* [Task prompt]: Nothing but a number should be returned: the count of lines in the records that contain "parting".

#####

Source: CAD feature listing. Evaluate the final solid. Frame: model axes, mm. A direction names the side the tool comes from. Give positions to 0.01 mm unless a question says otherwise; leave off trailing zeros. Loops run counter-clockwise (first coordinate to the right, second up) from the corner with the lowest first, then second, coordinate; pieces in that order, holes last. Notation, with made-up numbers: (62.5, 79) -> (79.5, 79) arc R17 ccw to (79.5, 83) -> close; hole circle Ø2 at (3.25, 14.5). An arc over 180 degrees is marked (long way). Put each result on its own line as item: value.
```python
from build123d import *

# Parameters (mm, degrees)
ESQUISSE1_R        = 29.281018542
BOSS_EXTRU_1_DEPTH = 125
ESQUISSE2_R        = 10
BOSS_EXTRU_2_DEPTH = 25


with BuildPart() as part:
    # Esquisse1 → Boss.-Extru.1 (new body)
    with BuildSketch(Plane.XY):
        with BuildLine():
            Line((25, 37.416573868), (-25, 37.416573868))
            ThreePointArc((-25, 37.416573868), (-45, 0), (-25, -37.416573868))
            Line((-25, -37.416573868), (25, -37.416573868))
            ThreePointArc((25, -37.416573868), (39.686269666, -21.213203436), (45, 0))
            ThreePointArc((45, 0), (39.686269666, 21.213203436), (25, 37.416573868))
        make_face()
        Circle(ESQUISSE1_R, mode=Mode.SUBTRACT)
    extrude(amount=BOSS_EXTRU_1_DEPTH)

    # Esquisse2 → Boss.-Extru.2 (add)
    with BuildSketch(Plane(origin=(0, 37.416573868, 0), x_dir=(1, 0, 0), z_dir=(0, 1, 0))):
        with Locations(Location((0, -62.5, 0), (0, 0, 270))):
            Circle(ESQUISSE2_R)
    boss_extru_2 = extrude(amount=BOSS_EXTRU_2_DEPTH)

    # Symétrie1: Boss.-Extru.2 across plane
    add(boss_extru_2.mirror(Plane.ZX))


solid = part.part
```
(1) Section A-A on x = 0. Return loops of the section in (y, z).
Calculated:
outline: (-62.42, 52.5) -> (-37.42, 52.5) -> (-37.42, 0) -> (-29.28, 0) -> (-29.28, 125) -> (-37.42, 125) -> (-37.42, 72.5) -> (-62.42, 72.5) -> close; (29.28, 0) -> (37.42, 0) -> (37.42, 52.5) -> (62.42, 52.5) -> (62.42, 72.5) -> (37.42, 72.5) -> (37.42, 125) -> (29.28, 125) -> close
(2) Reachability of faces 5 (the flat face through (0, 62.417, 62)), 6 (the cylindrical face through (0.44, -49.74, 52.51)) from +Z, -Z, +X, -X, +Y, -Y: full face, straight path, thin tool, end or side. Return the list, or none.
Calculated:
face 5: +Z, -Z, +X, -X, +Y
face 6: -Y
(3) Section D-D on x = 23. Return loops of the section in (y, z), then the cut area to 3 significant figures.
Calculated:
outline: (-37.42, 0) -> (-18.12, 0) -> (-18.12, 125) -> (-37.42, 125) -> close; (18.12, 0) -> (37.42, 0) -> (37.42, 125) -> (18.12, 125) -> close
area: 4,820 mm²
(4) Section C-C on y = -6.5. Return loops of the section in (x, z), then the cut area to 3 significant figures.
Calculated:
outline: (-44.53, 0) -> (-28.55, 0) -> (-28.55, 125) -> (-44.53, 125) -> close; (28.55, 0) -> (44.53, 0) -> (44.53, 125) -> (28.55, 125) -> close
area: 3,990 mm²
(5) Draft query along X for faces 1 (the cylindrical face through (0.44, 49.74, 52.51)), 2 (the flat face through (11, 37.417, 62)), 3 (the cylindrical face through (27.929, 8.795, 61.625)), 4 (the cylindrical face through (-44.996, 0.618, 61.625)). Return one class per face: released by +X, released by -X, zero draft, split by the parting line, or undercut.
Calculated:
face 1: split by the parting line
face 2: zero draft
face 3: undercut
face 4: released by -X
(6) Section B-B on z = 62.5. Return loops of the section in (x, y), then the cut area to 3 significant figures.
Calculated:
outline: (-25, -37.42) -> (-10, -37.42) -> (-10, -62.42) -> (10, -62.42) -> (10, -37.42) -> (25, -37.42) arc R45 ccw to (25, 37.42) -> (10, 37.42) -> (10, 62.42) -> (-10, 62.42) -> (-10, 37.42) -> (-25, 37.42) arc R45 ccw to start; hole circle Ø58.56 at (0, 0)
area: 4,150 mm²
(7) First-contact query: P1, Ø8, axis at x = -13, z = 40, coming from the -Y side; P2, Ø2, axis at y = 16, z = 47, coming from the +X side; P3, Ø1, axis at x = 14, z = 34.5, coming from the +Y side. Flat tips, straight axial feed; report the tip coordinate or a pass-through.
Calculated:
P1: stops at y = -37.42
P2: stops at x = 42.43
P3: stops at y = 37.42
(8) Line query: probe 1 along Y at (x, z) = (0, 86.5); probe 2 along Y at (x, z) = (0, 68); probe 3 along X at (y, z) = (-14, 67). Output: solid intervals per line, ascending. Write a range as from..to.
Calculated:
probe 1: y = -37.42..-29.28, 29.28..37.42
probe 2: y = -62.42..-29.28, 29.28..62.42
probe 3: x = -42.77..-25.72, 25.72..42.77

#####

* [Result for this task]: 2